Top of Materials provided
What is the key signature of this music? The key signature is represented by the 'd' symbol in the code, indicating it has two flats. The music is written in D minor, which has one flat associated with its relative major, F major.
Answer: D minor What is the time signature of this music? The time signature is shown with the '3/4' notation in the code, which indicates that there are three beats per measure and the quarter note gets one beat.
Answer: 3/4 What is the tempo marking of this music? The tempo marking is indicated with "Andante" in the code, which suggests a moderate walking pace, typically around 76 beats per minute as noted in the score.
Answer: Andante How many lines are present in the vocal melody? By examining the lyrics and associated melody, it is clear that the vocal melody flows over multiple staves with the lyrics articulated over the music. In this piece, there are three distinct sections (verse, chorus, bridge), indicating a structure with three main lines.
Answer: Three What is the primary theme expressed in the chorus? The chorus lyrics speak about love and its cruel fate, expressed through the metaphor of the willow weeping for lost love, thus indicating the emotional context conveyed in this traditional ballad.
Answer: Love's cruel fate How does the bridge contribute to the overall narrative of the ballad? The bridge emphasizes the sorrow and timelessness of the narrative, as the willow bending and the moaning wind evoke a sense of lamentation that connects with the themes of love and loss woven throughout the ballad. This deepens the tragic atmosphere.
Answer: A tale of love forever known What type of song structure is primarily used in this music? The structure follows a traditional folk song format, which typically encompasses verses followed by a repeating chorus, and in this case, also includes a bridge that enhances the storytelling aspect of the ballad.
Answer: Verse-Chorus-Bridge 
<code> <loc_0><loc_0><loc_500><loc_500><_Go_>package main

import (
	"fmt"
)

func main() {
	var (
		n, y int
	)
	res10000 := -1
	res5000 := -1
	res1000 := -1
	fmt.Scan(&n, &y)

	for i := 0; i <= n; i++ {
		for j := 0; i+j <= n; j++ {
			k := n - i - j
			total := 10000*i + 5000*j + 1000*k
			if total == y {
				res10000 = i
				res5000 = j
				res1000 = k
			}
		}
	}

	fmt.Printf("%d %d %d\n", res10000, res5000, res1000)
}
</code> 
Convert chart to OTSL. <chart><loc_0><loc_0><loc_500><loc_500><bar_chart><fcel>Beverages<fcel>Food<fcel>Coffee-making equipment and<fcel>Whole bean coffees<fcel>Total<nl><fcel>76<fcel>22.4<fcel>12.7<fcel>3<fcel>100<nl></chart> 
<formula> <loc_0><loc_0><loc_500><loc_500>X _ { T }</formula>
Bottom of Materials provided
Top of Materials provided
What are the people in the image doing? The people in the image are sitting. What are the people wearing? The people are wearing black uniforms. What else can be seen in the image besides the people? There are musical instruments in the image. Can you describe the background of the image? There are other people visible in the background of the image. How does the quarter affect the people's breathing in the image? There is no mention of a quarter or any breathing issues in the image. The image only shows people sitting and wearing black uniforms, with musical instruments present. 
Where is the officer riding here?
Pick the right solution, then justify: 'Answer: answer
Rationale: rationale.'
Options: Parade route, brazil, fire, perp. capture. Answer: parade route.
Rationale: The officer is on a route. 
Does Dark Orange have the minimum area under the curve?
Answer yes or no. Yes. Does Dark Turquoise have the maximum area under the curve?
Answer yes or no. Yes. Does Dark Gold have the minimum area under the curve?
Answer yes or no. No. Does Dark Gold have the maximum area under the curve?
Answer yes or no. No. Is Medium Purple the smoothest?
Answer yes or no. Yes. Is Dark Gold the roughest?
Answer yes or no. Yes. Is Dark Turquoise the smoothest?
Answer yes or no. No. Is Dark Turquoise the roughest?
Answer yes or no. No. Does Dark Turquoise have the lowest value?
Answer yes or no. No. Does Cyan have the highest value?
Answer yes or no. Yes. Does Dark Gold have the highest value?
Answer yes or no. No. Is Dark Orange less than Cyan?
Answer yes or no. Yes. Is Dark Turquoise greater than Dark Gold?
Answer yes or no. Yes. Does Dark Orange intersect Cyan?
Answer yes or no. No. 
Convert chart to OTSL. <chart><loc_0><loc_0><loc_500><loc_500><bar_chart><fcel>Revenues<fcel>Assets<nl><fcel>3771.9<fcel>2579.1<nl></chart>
Bottom of Materials provided
Work to complete: Note each line of the material holding "minimum" and copy it out.

Result:
Does Dark Orange have the minimum area under the curve?
Answer yes or no. Yes. Does Dark Gold have the minimum area under the curve?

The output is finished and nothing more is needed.